Pedrito Martinez and his group have been building a name for themselves in New York the old-fashioned way: By playing several nights a week at Hell’s Kitchen hotspot Guantanamera.
What they didn’t do in a traditional way was to release an album as soon as they could.
They built a buzz around themselves performing night after night, while their eponymous album debut, out on Oct. 8, took a few years to see the light. But the delay was deliberate.
“I like for things to be played over and over again, until they are solid, and then say, ‘Okay, let’s enter the studio,’ ” says Martinez, 39, a former member of Yerba Buena and a seasoned session player for musicians such as Paquito D’Rivera, Bebo Valdes and Buika.

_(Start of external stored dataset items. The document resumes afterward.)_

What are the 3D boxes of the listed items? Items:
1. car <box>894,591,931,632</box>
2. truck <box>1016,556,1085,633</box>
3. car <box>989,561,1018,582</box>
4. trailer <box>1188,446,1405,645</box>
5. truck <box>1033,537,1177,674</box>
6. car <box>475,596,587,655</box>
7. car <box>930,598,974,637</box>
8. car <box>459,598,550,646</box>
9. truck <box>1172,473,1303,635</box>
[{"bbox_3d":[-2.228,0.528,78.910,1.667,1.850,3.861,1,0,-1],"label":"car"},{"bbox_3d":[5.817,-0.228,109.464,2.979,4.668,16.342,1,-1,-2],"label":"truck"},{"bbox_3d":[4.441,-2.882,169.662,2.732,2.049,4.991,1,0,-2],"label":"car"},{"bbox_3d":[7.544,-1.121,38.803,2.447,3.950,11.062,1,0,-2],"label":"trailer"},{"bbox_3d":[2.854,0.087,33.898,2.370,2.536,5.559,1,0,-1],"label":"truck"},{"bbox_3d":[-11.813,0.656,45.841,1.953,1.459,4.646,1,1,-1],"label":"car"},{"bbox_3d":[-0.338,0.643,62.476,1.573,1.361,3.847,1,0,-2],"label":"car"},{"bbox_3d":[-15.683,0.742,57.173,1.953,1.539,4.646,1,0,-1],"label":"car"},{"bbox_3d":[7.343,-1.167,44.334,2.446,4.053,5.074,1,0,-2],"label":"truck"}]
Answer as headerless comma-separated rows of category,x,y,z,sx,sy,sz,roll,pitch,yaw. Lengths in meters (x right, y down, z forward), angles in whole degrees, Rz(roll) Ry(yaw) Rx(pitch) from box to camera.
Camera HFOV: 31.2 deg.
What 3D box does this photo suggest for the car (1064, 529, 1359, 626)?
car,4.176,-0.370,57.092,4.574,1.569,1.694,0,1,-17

“I’ve taken part in many albums, and things work out well, because we’re talking about excellent musicians. But sometimes something is missing: The feeling, that thing that makes the recording sound natural and laid back,” adds the Havana-born percussionist and singer.
“And that’s what happened with our album: We knew the music by heart. Nobody had to read a piece of paper.”
The 11 tracks on “Pedrito Martinez Group” sound exactly like one of the performances the band — which also consists of keyboard player Ariacne Trujillo, bassist Alvaro Benavides and percussionist Jhair Sala — gives on a typical night at Guantanamera.
From the Cuban rumba of the Martinez-penned “Conciencia” and “Lengua de Obbara” of Los Muñequitos de Matanzas, to their soul-funk cover of Robert Johnson’s “Traveling Riverside Blues” and rumba-meets-soul version of the Jackson 5’s “I’ll Be There,” the album showcases the group’s versatility and ambition.
But the heart of the album may well be their version of Pachito Alonso’s “La Habana,” a love letter to the Cuban capital.
In Martinez’s voice, the verses that claim the singer knows every corner of the city so well it’s actually too small for him, sound as a metaphor for his personal journey of why he left the island 16 years ago to become a musician on the verge of international stardom.
“I was raised on the street. That’s where I had to go to learn the folklore,” he says.
“But at the same time it started to be too little for me. I had gained all this knowledge, but I couldn’t express it in my country. I had to leave Cuba to express myself, to identify myself as an international musician, not only as a musician who can play Cuban music.”
The album will be officially released with a performance on Oct. 8 at the City Winery, 155 Varick St. in Manhattan, and it could well signify the beginning of a new stage for a band that has become one of the most exciting and talked-about Latin acts to emerge from New York City in years.
“If it wins a Grammy, great — what an honor,” Martinez says. “But I just want to keep doing what we’re doing. Without an album out there, we played the best festivals in Europe. We’ve been doing that for two years, in front of thousands and thousands of people.
“We want to keep Guantanamera as our headquarters, but also to play in the best festivals of the world, being recognized not only as a Cuban group, but as a group that plays international music, a cosmopolitan group,” he adds.
“A group that plays music for the people: Music to dance to, music to go crazy to, music that stays in history.”